SOURCE MATERIAL →
______________________________

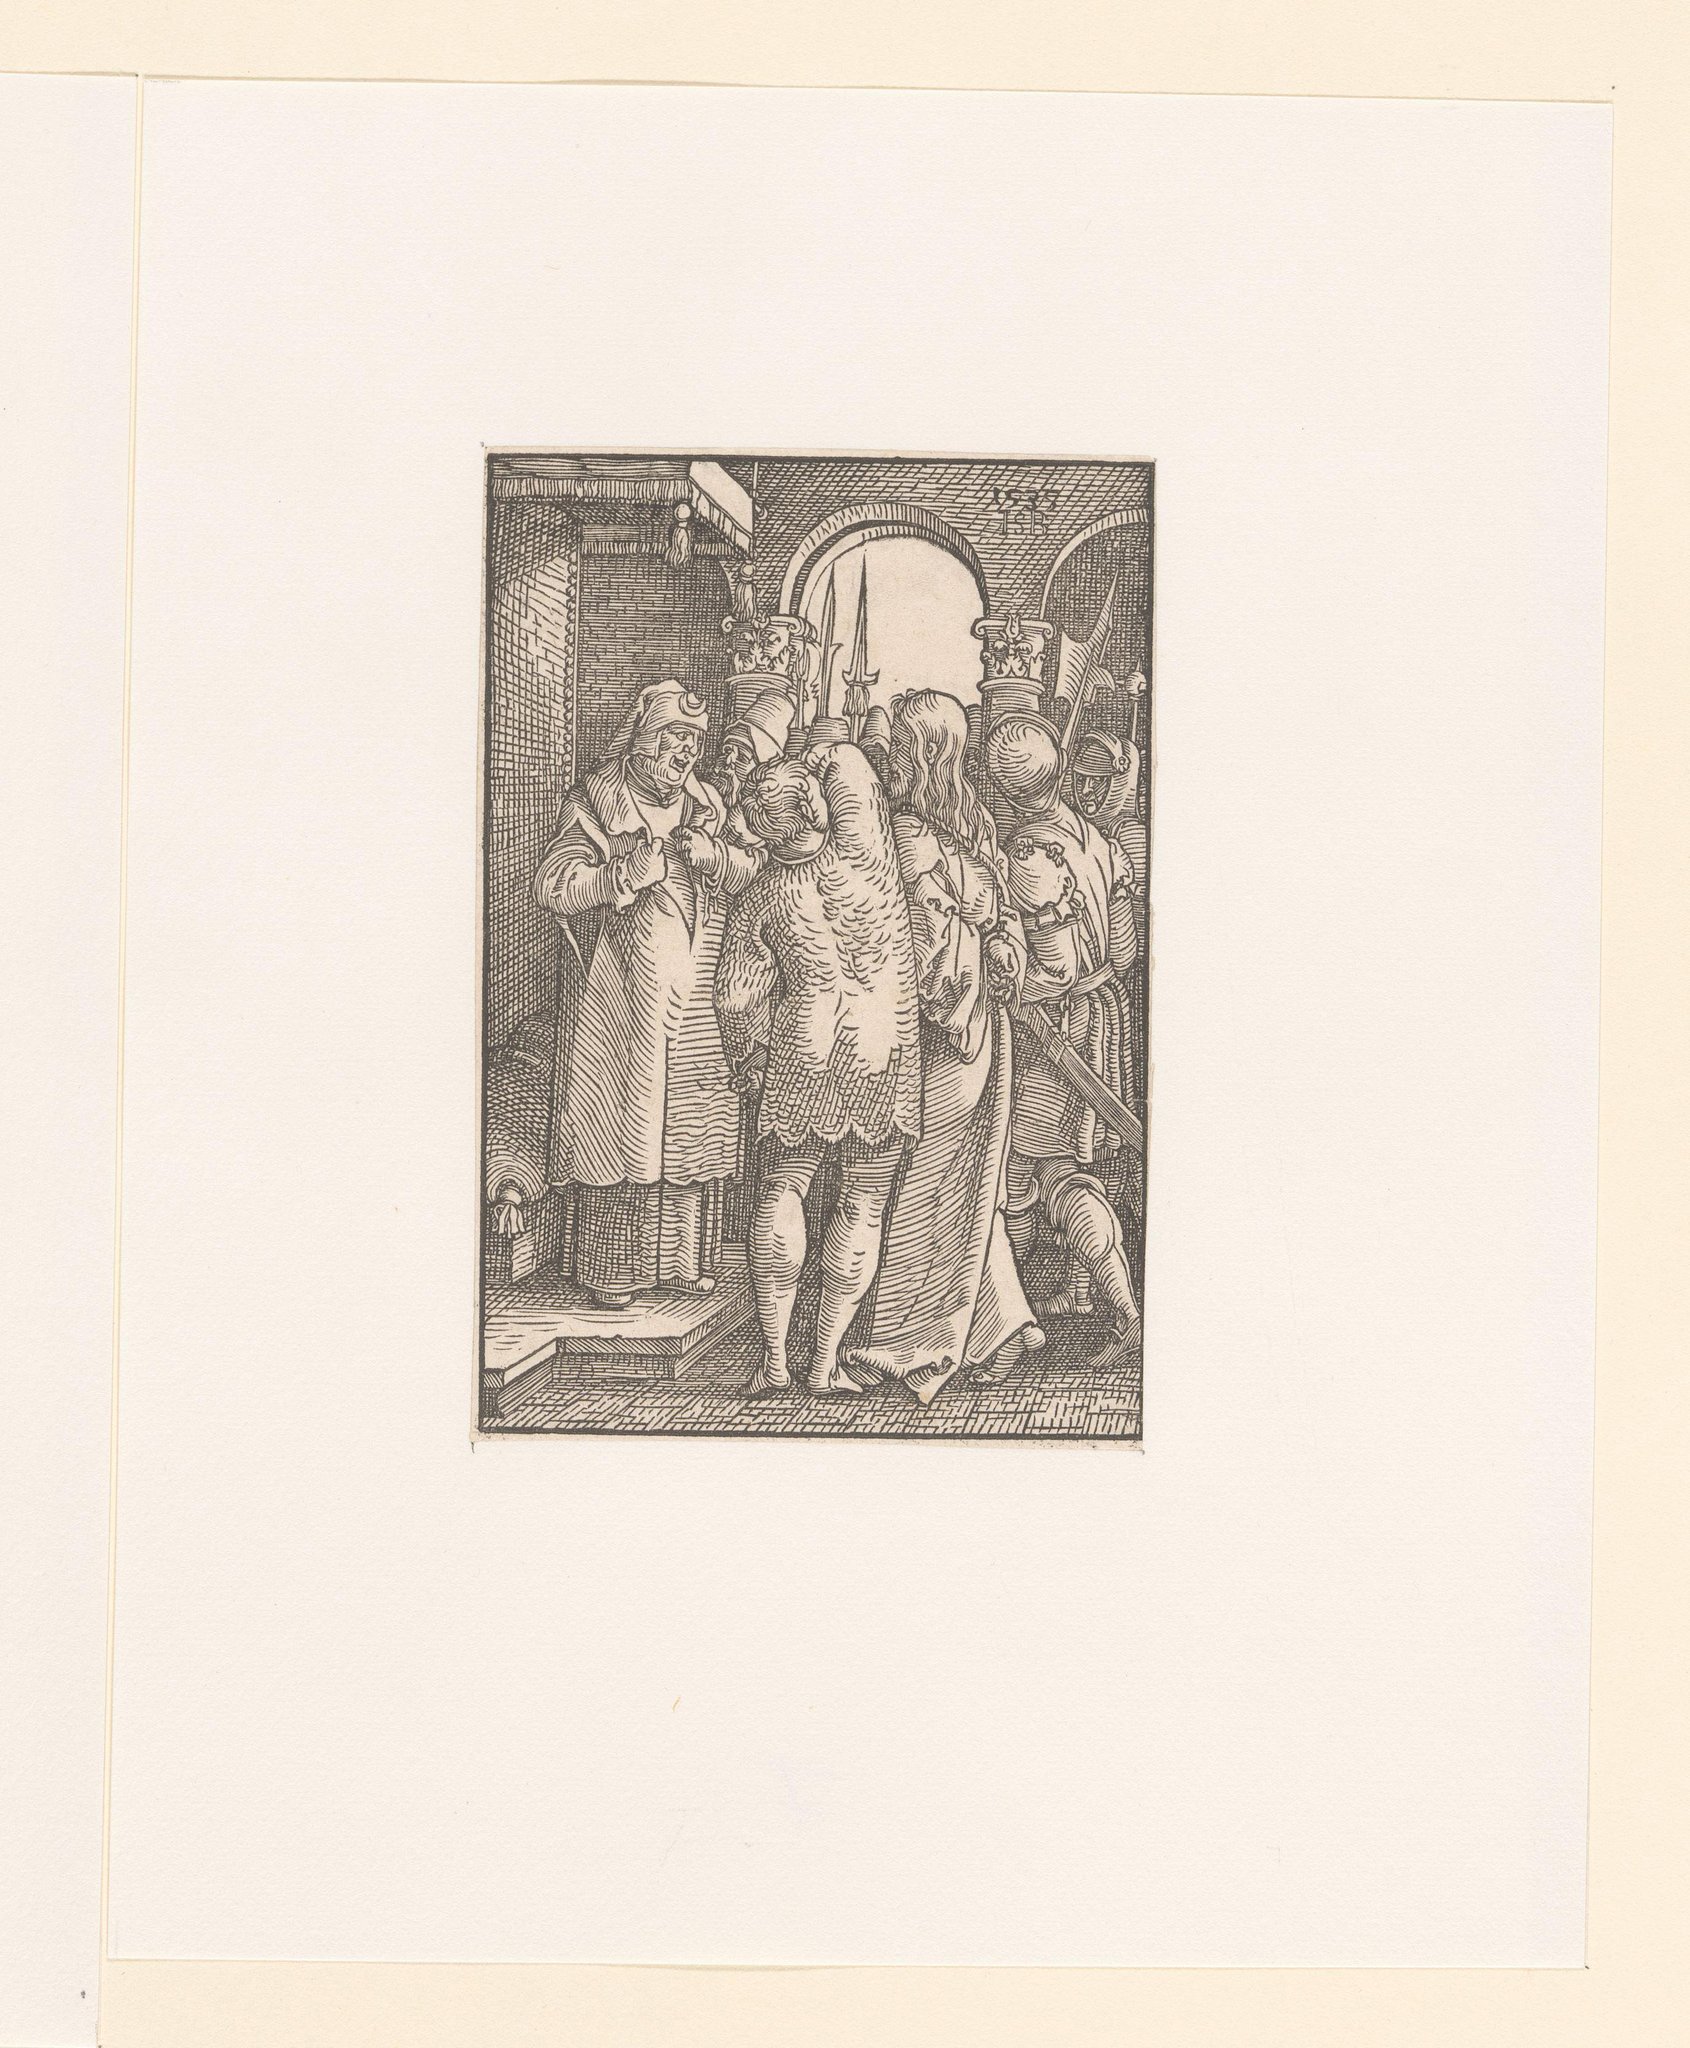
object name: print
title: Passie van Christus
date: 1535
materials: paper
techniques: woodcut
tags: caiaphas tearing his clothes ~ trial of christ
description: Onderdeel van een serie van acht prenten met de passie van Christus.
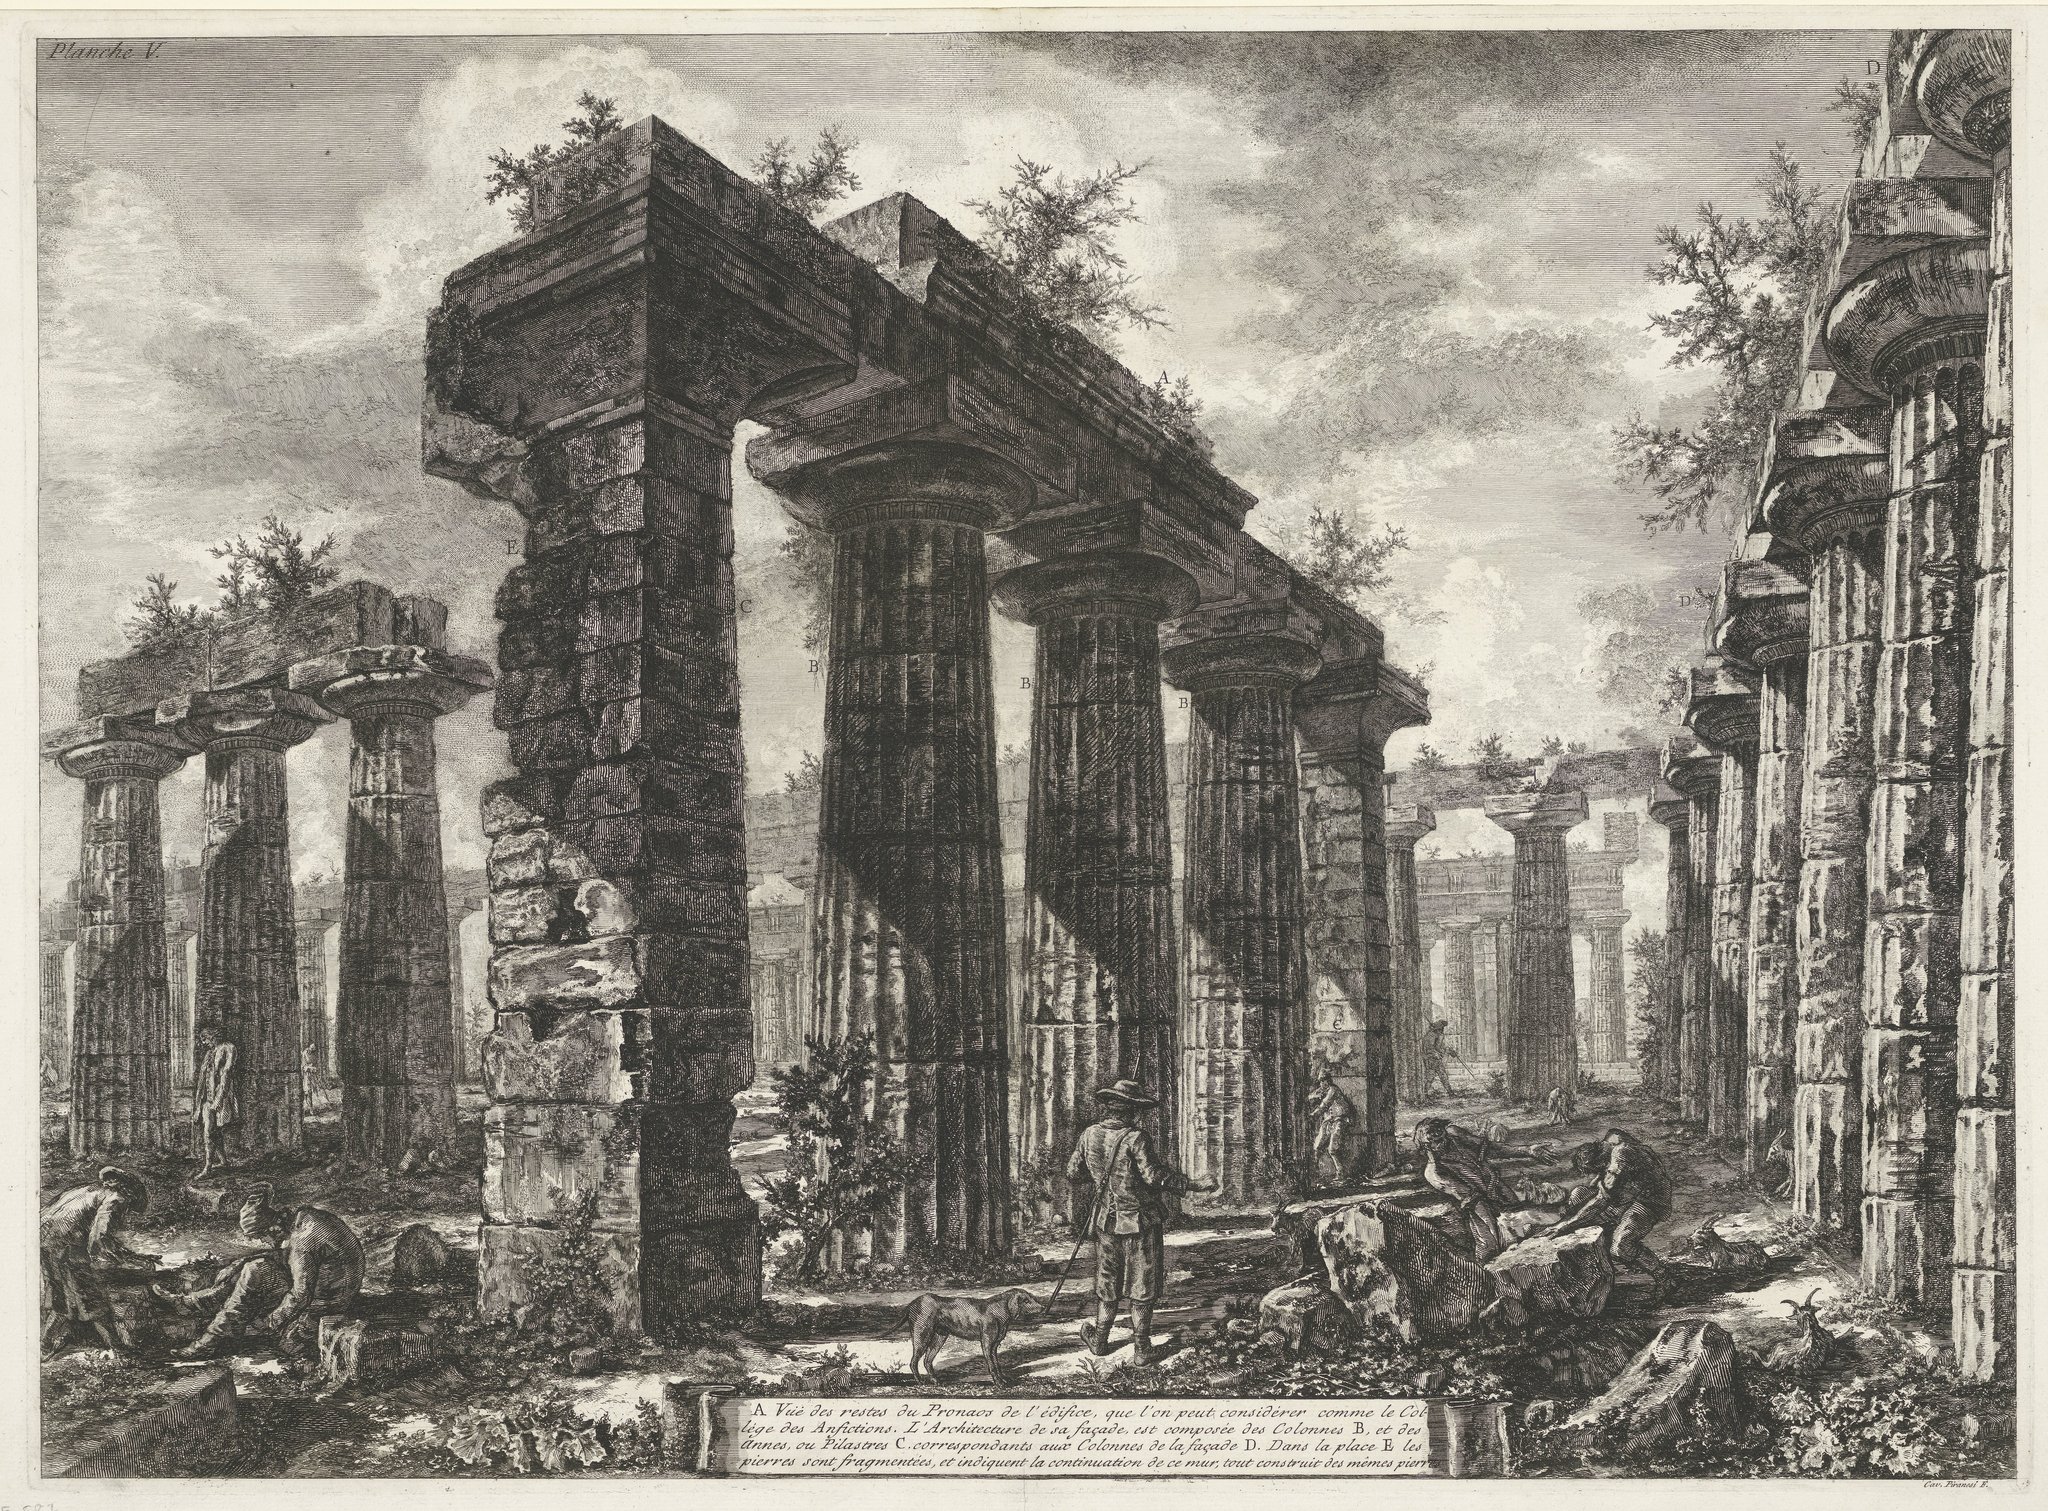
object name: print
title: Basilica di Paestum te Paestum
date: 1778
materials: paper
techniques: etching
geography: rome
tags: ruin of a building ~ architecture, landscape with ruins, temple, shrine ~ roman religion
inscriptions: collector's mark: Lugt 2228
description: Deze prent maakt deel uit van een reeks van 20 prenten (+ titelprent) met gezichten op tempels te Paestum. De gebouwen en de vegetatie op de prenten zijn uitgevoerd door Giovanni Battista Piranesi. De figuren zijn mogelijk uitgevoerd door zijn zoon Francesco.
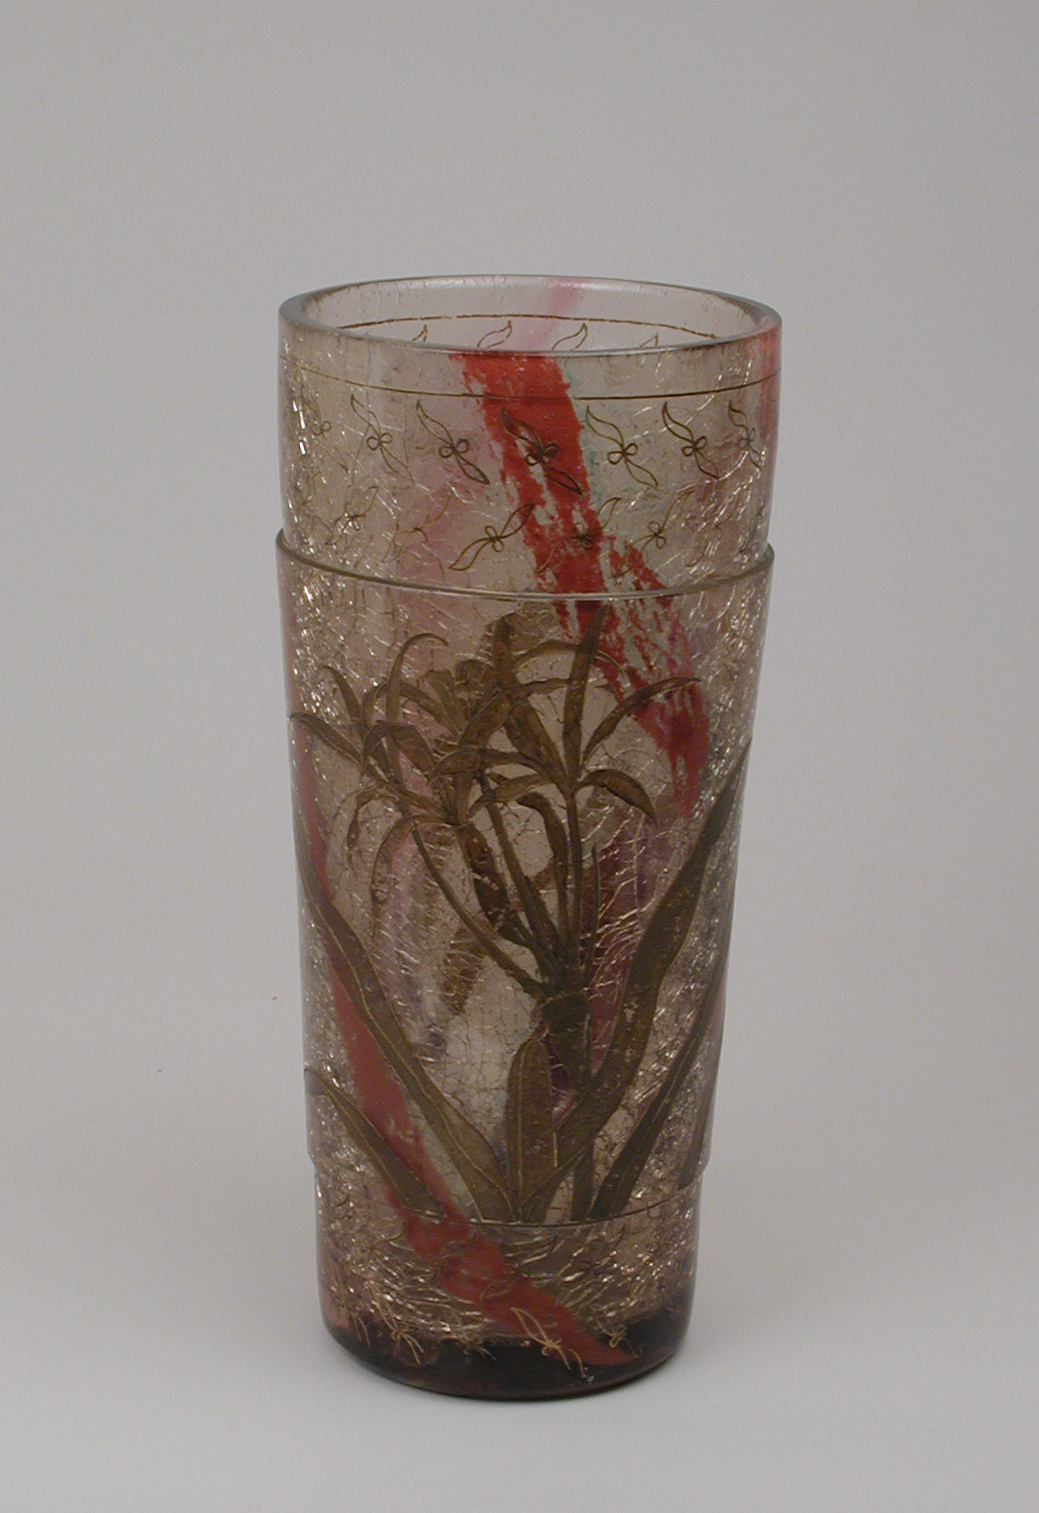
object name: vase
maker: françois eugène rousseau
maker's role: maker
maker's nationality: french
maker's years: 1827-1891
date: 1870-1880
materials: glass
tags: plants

______________________________

ASSIGNMENT → Starting with the line that holds "title: Passie van Christus", retype each line through the last one in the listing above, exactly as written. Do not copy any pictures.

YOUR RESPONSE →
title: Passie van Christus
date: 1535
materials: paper
techniques: woodcut
tags: caiaphas tearing his clothes ~ trial of christ
description: Onderdeel van een serie van acht prenten met de passie van Christus.
object name: print
title: Basilica di Paestum te Paestum
date: 1778
materials: paper
techniques: etching
geography: rome
tags: ruin of a building ~ architecture, landscape with ruins, temple, shrine ~ roman religion
inscriptions: collector's mark: Lugt 2228
description: Deze prent maakt deel uit van een reeks van 20 prenten (+ titelprent) met gezichten op tempels te Paestum. De gebouwen en de vegetatie op de prenten zijn uitgevoerd door Giovanni Battista Piranesi. De figuren zijn mogelijk uitgevoerd door zijn zoon Francesco.
object name: vase
maker: françois eugène rousseau
maker's role: maker
maker's nationality: french
maker's years: 1827-1891
date: 1870-1880
materials: glass
tags: plants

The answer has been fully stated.